---
title: "Grouped Tables and Side-by-Side Comparisons"
output: rmarkdown::html_vignette
vignette: >
  %\VignetteIndexEntry{Grouped Tables and Side-by-Side Comparisons}
  %\VignetteEngine{knitr::rmarkdown}
  %\VignetteEncoding{UTF-8}
---

```{r, include = FALSE}
knitr::opts_chunk$set(
  collapse = TRUE,
  comment = "#>"
)
```

```{r setup}
library(tsg)
library(dplyr)
```

This vignette covers three common scenarios that go beyond a single basic table:

1. **Get a separate table for each group** — when you need one table per region, sex, or other category.
2. **Compare several indicators side by side** — when you have multiple related columns and want them all in one compact table.
3. **Export many tables at once** — when your report has dozens of tables and you want to manage them efficiently.

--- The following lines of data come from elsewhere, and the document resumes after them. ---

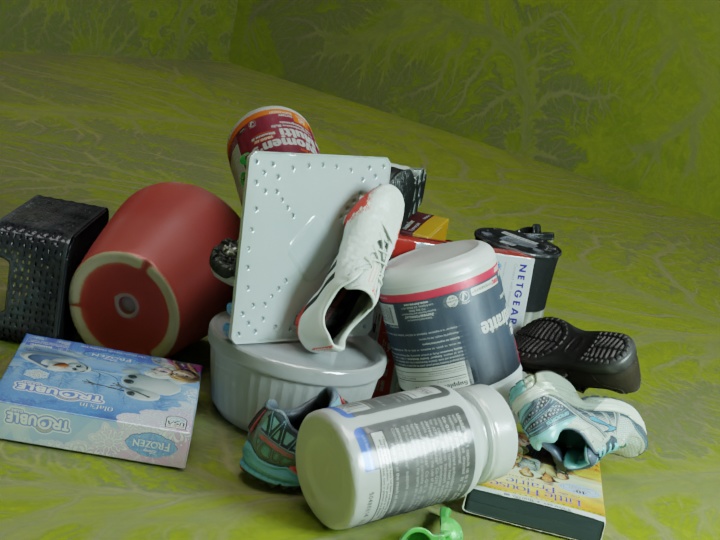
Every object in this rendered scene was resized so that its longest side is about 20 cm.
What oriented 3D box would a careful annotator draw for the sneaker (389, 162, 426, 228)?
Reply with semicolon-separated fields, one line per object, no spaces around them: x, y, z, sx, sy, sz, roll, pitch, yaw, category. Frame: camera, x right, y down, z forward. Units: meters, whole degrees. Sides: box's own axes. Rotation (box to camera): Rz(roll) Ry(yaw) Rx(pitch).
0.023;-0.097;1.689;0.087;0.075;0.200;14;7;8;sneaker

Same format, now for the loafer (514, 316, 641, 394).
0.237;0.107;1.572;0.073;0.072;0.199;-41;26;-21;loafer

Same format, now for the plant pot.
-0.242;0.013;1.643;0.198;0.203;0.177;15;24;12;plant pot

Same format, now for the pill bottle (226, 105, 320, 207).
-0.089;-0.096;1.624;0.108;0.110;0.201;6;36;-21;pill bottle

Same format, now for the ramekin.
-0.075;0.118;1.541;0.200;0.095;0.203;11;14;-3;ramekin

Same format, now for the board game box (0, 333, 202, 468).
-0.268;0.131;1.439;0.197;0.044;0.199;10;16;-6;board game box

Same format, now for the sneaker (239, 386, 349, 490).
-0.020;0.166;1.397;0.198;0.097;0.079;2;18;-32;sneaker

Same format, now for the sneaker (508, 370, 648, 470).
0.240;0.183;1.509;0.199;0.078;0.087;21;43;-34;sneaker

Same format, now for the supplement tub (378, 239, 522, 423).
0.102;0.078;1.552;0.139;0.202;0.140;-14;11;3;supplement tub

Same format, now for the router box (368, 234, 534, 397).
0.101;0.066;1.655;0.177;0.203;0.049;7;9;-16;router box

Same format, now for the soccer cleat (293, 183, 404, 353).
0.000;0.000;1.484;0.068;0.201;0.085;36;-12;-27;soccer cleat

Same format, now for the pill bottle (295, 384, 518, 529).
0.047;0.173;1.343;0.198;0.115;0.113;-8;23;-32;pill bottle

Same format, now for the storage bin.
-0.372;-0.002;1.661;0.093;0.137;0.200;10;14;2;storage bin

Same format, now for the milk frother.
0.194;0.038;1.862;0.199;0.190;0.180;-2;21;-44;milk frother

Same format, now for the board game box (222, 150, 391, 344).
-0.057;-0.026;1.507;0.198;0.203;0.026;-1;12;-42;board game box

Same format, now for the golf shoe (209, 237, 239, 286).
-0.115;0.018;1.620;0.077;0.088;0.199;45;17;27;golf shoe

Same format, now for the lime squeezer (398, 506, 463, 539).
0.050;0.244;1.281;0.070;0.038;0.199;21;18;33;lime squeezer

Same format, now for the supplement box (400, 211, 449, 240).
-0.012;0.015;1.766;0.198;0.200;0.133;14;15;12;supplement box

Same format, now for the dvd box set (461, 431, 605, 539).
0.185;0.222;1.482;0.145;0.030;0.200;13;14;5;dvd box set
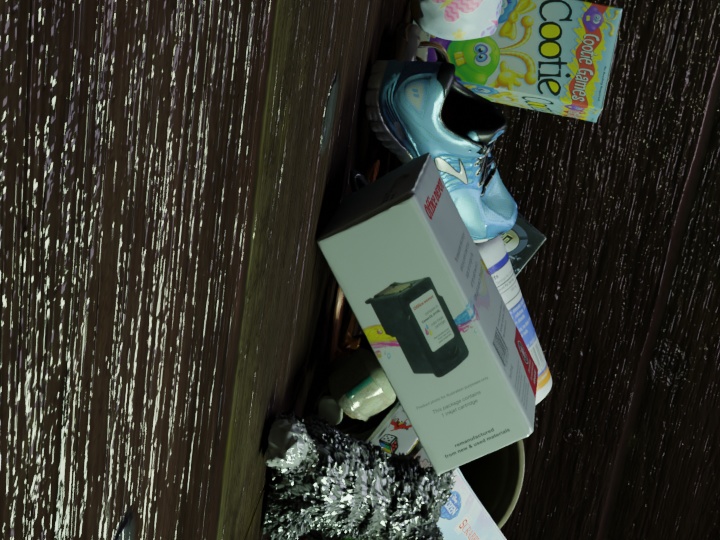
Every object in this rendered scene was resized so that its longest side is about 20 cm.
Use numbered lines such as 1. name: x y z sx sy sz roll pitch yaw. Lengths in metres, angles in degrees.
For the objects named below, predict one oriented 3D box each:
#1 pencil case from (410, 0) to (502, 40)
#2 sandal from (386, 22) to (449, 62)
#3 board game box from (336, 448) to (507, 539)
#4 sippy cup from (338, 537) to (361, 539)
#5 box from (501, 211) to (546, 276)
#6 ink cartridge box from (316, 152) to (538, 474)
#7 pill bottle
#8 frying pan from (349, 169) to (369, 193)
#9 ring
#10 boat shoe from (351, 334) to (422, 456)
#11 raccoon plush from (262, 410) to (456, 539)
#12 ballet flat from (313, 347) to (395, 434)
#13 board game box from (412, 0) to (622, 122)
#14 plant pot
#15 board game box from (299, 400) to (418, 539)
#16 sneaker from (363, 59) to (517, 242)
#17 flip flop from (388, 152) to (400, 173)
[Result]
1. pencil case: 0.096 -0.307 1.551 0.083 0.090 0.201 -53 157 -46
2. sandal: 0.052 -0.178 1.514 0.200 0.054 0.082 -41 142 -86
3. board game box: 0.031 0.270 1.517 0.200 0.041 0.200 -46 148 -9
4. sippy cup: 0.043 0.288 1.352 0.178 0.130 0.140 58 45 -32
5. box: 0.088 -0.004 1.671 0.164 0.086 0.200 -52 -175 5
6. ink cartridge box: 0.055 0.029 1.302 0.201 0.082 0.146 62 14 -10
7. pill bottle: 0.086 0.029 1.514 0.112 0.111 0.201 -62 132 -74
8. frying pan: 0.029 0.021 1.394 0.031 0.190 0.115 -13 -137 51
9. ring: 0.000 0.000 1.550 0.200 0.019 0.202 11 90 -85
10. boat shoe: 0.040 0.123 1.641 0.201 0.073 0.064 44 -48 53
11. raccoon plush: 0.001 0.162 1.234 0.200 0.133 0.097 45 58 -85
12. ballet flat: -0.013 0.106 1.440 0.062 0.068 0.200 -37 171 -13
13. board game box: 0.151 -0.222 1.721 0.105 0.199 0.104 26 76 -85
14. plant pot: 0.054 0.197 1.829 0.173 0.199 0.201 170 -67 -76
15. board game box: 0.016 0.163 1.490 0.126 0.035 0.200 -49 175 -32
16. sneaker: 0.082 -0.094 1.396 0.200 0.089 0.079 50 43 -41
17. flip flop: 0.053 -0.077 1.637 0.200 0.057 0.082 -86 -178 -65
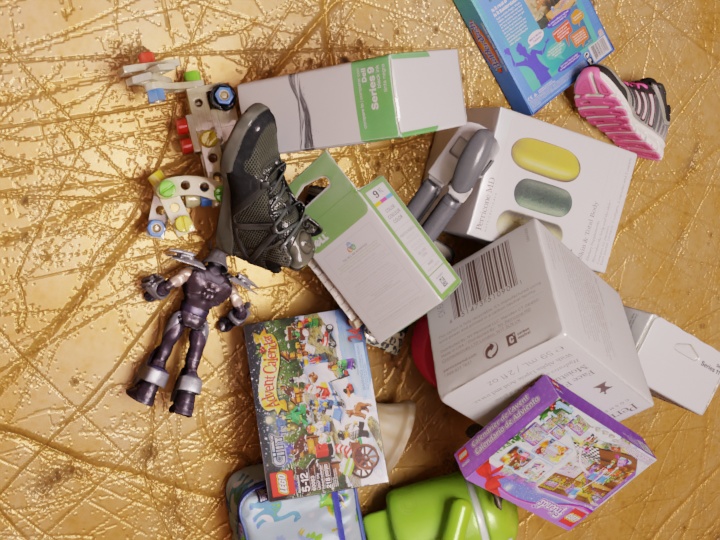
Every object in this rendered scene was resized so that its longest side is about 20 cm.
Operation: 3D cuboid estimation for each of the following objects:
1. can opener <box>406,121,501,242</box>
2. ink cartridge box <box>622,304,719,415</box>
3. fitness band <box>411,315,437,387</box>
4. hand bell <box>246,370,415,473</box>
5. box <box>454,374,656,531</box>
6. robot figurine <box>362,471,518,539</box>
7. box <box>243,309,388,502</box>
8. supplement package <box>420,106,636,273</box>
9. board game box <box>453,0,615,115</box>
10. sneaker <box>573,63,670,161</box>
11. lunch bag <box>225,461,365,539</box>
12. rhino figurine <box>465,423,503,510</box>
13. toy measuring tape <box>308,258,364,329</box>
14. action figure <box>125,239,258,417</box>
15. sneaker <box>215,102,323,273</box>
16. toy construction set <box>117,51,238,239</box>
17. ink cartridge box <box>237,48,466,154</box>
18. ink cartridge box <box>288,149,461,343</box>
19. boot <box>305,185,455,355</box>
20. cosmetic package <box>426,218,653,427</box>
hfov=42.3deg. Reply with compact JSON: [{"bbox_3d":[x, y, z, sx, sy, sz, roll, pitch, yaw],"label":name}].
[{"bbox_3d":[0.080,-0.075,1.024,0.053,0.067,0.200,38,106,9],"label":"can opener"},{"bbox_3d":[0.345,0.101,1.201,0.146,0.200,0.083,27,87,-23],"label":"ink cartridge box"},{"bbox_3d":[0.150,0.065,1.188,0.200,0.037,0.144,-45,124,-11],"label":"fitness band"},{"bbox_3d":[-0.045,0.165,1.125,0.199,0.104,0.105,26,87,-10],"label":"hand bell"},{"bbox_3d":[0.217,0.205,1.023,0.200,0.039,0.137,33,110,-36],"label":"box"},{"bbox_3d":[0.106,0.317,1.163,0.199,0.176,0.116,-15,71,-1],"label":"robot figurine"},{"bbox_3d":[-0.051,0.151,1.058,0.136,0.038,0.201,-9,80,-4],"label":"box"},{"bbox_3d":[0.197,-0.099,1.138,0.199,0.151,0.153,14,93,-23],"label":"supplement package"},{"bbox_3d":[0.214,-0.321,1.172,0.152,0.045,0.200,-38,111,-13],"label":"board game box"},{"bbox_3d":[0.349,-0.224,1.219,0.200,0.074,0.088,31,76,-39],"label":"sneaker"},{"bbox_3d":[-0.072,0.321,1.125,0.160,0.082,0.201,-13,103,-23],"label":"lunch bag"},{"bbox_3d":[0.168,0.212,1.132,0.060,0.200,0.088,-23,120,19],"label":"rhino figurine"},{"bbox_3d":[-0.067,-0.012,1.069,0.073,0.074,0.200,-39,89,-13],"label":"toy measuring tape"},{"bbox_3d":[-0.193,0.058,1.046,0.130,0.069,0.201,23,85,-17],"label":"action figure"},{"bbox_3d":[-0.087,-0.075,0.954,0.076,0.114,0.200,-47,158,-43],"label":"sneaker"},{"bbox_3d":[-0.190,-0.140,1.009,0.130,0.092,0.201,-14,108,-12],"label":"toy construction set"},{"bbox_3d":[-0.010,-0.177,0.992,0.146,0.199,0.085,-23,107,-54],"label":"ink cartridge box"},{"bbox_3d":[0.006,-0.032,1.012,0.200,0.104,0.059,52,38,-2],"label":"ink cartridge box"},{"bbox_3d":[0.001,0.001,1.114,0.203,0.073,0.154,26,90,-22],"label":"boot"},{"bbox_3d":[0.200,0.083,1.062,0.165,0.166,0.200,-32,133,28],"label":"cosmetic package"}]
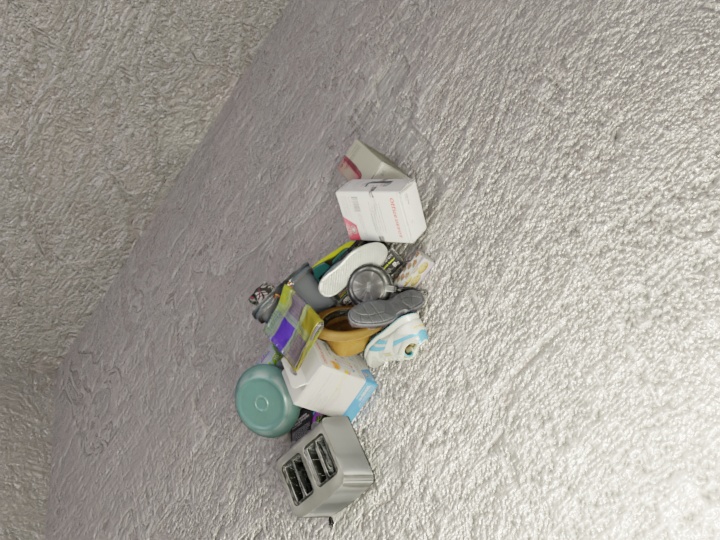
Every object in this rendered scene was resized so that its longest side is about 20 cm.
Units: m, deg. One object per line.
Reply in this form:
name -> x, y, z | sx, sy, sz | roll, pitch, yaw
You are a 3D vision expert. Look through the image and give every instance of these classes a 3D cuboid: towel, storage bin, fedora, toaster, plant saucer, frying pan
towel -> -0.164, 0.135, 1.631 | 0.200, 0.023, 0.144 | 44, 110, 47
storage bin -> -0.162, 0.096, 1.773 | 0.200, 0.134, 0.146 | -44, -11, -11
fedora -> -0.030, 0.151, 1.643 | 0.200, 0.200, 0.082 | 28, 126, 57
toaster -> -0.079, 0.458, 1.555 | 0.181, 0.119, 0.200 | -44, 54, 24
plant saucer -> -0.256, 0.350, 1.805 | 0.199, 0.036, 0.201 | 2, 95, 21
frying pan -> 0.053, 0.057, 1.646 | 0.190, 0.031, 0.115 | 27, 89, 15

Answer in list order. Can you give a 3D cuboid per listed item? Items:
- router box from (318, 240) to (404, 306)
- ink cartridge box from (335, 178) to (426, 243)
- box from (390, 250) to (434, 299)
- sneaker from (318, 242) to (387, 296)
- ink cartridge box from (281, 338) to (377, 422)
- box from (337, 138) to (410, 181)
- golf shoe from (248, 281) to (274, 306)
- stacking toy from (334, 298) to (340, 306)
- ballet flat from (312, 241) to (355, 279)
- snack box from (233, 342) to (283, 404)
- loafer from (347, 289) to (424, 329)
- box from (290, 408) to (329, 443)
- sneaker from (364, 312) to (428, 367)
router box -> 0.000, 0.000, 1.795 | 0.200, 0.062, 0.150 | -45, 34, 0
ink cartridge box -> 0.054, -0.154, 1.735 | 0.200, 0.146, 0.085 | 7, 36, 38
box -> 0.105, 0.042, 1.685 | 0.200, 0.041, 0.039 | -52, 35, 16
sneaker -> -0.025, -0.010, 1.717 | 0.200, 0.074, 0.082 | -31, 11, -3
ink cartridge box -> -0.086, 0.260, 1.654 | 0.125, 0.200, 0.129 | -55, 35, 14
box -> 0.041, -0.265, 1.901 | 0.109, 0.128, 0.200 | -55, 34, 14
golf shoe -> -0.295, 0.089, 2.176 | 0.088, 0.077, 0.200 | -59, 33, -6
stacking toy -> -0.107, 0.128, 1.872 | 0.200, 0.146, 0.146 | -35, 40, 10
ballet flat -> -0.075, -0.024, 1.970 | 0.200, 0.067, 0.067 | -34, 22, 34
snack box -> -0.238, 0.306, 1.887 | 0.200, 0.142, 0.053 | -53, 35, 16
loafer -> 0.059, 0.103, 1.585 | 0.072, 0.199, 0.063 | 58, 150, 31
box -> -0.122, 0.434, 1.739 | 0.143, 0.036, 0.200 | -39, 42, 31
sneaker -> 0.079, 0.182, 1.594 | 0.200, 0.076, 0.081 | -48, 60, 40

We will use the `person_record` sample dataset throughout.

---

## Get a separate table for each group

By default, grouping with `group_by()` produces a single merged table with the group labels in the category column. If you want **one independent table per group instead**, add `group_as_list = TRUE`.

```{r}
person_record |>
  group_by(sex) |>
  generate_frequency(marital_status, group_as_list = TRUE)
```

With **two grouping variables**, the result is automatically nested — you get a list of lists:

```{r}
person_record |>
  filter(age >= 15) |> 
  group_by(sex, employed) |>
  generate_frequency(marital_status, group_as_list = TRUE)
```

The same works with `generate_crosstab()`:

```{r}
person_record |>
  filter(age >= 15) |> 
  group_by(sex) |>
  generate_crosstab(marital_status, employed, group_as_list = TRUE)
```

---

## Add a grand total to grouped tables

When you want to include an "All groups combined" summary alongside the per-group breakdowns, use `group_as_hierarchy = TRUE`.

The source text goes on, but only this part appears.